Condition monitoring and early diagnostics methodologies for hydropower plants
Alessandro Betti (1), Emanuele Crisostomi (2), Gianluca Paolinelli, (3), Antonio Piazzi (1), Fabrizio Ruffini (1), Mauro Tucci (2) ((1) i-EM, S.r.l., (2) Department of Energy, Systems, Territory, Constructions, Engineering, University of Pisa, (3) Pure Power Control S.r.l.)

TL;DR
This paper introduces a novel KPI for hydropower plant condition monitoring, demonstrating its effectiveness in fault detection and maintenance support over a year of real-world operation, outperforming traditional control charts.
Contribution
The paper presents a new KPI for hydropower plants that enhances fault detection and maintenance, validated through long-term real-world testing.
Findings
The KPI successfully identified multiple faults in operating hydropower plants.
It outperformed conventional control charts like Hotelling t2.
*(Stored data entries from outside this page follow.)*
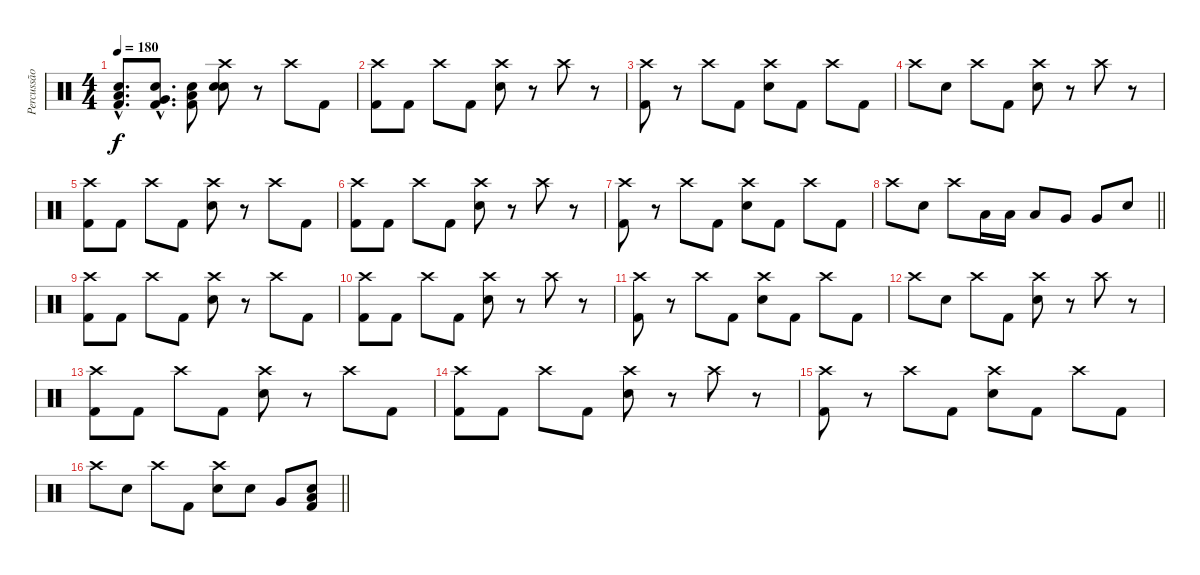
\track ("Percussão" "Percussão") {instrument percussion}
\staff {score}
\articulation defaults
\ts (4 4)
\tempo 180
\clef neutral
\ks c
("Low Tom (hit)"{hac} "Electric Snare (hit)"{hac} "Kick (hit) 2"{hac}).8{d dy f} ("Very Low Tom (hit)"{hac} "Electric Snare (hit)"{hac} "Kick (hit) 2"{hac}).8{d} ("Low Floor Tom (hit)" "Electric Snare (hit)" "Kick (hit) 2").8 ("Crash high (hit)" "Electric Snare (hit)" "Electric Snare (hit)").8 r.8 "Crash high (hit)".8 "Kick (hit) 2".8 |
("Crash high (hit)" "Kick (hit) 2").8 "Kick (hit) 2".8 "Crash high (hit)".8 "Kick (hit) 2".8 ("Crash high (hit)" "Electric Snare (hit)").8 r.8 "Crash high (hit)".8 r.8 |
("Crash high (hit)" "Kick (hit) 2").8 r.8 "Crash high (hit)".8 "Kick (hit) 2".8 ("Crash high (hit)" "Electric Snare (hit)").8 "Kick (hit) 2".8 "Crash high (hit)".8 "Kick (hit) 2".8 |
"Crash high (hit)".8 "Electric Snare (hit)".8 "Crash high (hit)".8 "Kick (hit) 2".8 ("Crash high (hit)" "Electric Snare (hit)").8 r.8 "Crash high (hit)".8 r.8 |
("Crash high (hit)" "Kick (hit) 2").8 "Kick (hit) 2".8 "Crash high (hit)".8 "Kick (hit) 2".8 ("Crash high (hit)" "Electric Snare (hit)").8 r.8 "Crash high (hit)".8 "Kick (hit) 2".8 |
("Crash high (hit)" "Kick (hit) 2").8 "Kick (hit) 2".8 "Crash high (hit)".8 "Kick (hit) 2".8 ("Crash high (hit)" "Electric Snare (hit)").8 r.8 "Crash high (hit)".8 r.8 |
("Crash high (hit)" "Kick (hit) 2").8 r.8 "Crash high (hit)".8 "Kick (hit) 2".8 ("Crash high (hit)" "Electric Snare (hit)").8 "Kick (hit) 2".8 "Crash high (hit)".8 "Kick (hit) 2".8 |
\barLineRight lightlight "Crash high (hit)".8 "Electric Snare (hit)".8 "Crash high (hit)".8 "Low Tom (hit)".16 "Low Tom (hit)".16 "Low Tom (hit)".8 "Very Low Tom (hit)".8 "Very Low Tom (hit)".8 "Electric Snare (hit)".8
|
("Crash high (hit)" "Kick (hit) 2").8 "Kick (hit) 2".8 "Crash high (hit)".8 "Kick (hit) 2".8 ("Crash high (hit)" "Electric Snare (hit)").8 r.8 "Crash high (hit)".8 "Kick (hit) 2".8 |
("Crash high (hit)" "Kick (hit) 2").8 "Kick (hit) 2".8 "Crash high (hit)".8 "Kick (hit) 2".8 ("Crash high (hit)" "Electric Snare (hit)").8 r.8 "Crash high (hit)".8 r.8 |
("Crash high (hit)" "Kick (hit) 2").8 r.8 "Crash high (hit)".8 "Kick (hit) 2".8 ("Crash high (hit)" "Electric Snare (hit)").8 "Kick (hit) 2".8 "Crash high (hit)".8 "Kick (hit) 2".8 |
"Crash high (hit)".8 "Electric Snare (hit)".8 "Crash high (hit)".8 "Kick (hit) 2".8 ("Crash high (hit)" "Electric Snare (hit)").8 r.8 "Crash high (hit)".8 r.8 |
("Crash high (hit)" "Kick (hit) 2").8 "Kick (hit) 2".8 "Crash high (hit)".8 "Kick (hit) 2".8 ("Crash high (hit)" "Electric Snare (hit)").8 r.8 "Crash high (hit)".8 "Kick (hit) 2".8 |
("Crash high (hit)" "Kick (hit) 2").8 "Kick (hit) 2".8 "Crash high (hit)".8 "Kick (hit) 2".8 ("Crash high (hit)" "Electric Snare (hit)").8 r.8 "Crash high (hit)".8 r.8 |
("Crash high (hit)" "Kick (hit) 2").8 r.8 "Crash high (hit)".8 "Kick (hit) 2".8 ("Crash high (hit)" "Electric Snare (hit)").8 "Kick (hit) 2".8 "Crash high (hit)".8 "Kick (hit) 2".8 |
\barLineRight lightlight "Crash high (hit)".8 "Electric Snare (hit)".8 "Crash high (hit)".8 "Kick (hit) 2".8
("Crash high (hit)" "Electric Snare (hit)").8 "Electric Snare (hit)".8 "Very Low Tom (hit)".8 ("Low Tom (hit)" "Electric Snare (hit)" "Kick (hit) 2").8

The KPI supports operational and maintenance decision-making.
Abstract
Hydropower plants are one of the most convenient option for power generation, as they generate energy exploiting a renewable source, they have relatively low operating and maintenance costs, and they may be used to provide ancillary services, exploiting the large reservoirs of available water. The recent advances in Information and Communication Technologies (ICT) and in machine learning methodologies are seen as fundamental enablers to upgrade and modernize the current operation of most hydropower plants, in terms of condition monitoring, early diagnostics and eventually predictive maintenance. While very few works, or running technologies, have been documented so far for the hydro case, in this paper we propose a novel Key Performance Indicator (KPI) that we have recently developed and tested on operating hydropower plants. In particular, we show that after more than one year of…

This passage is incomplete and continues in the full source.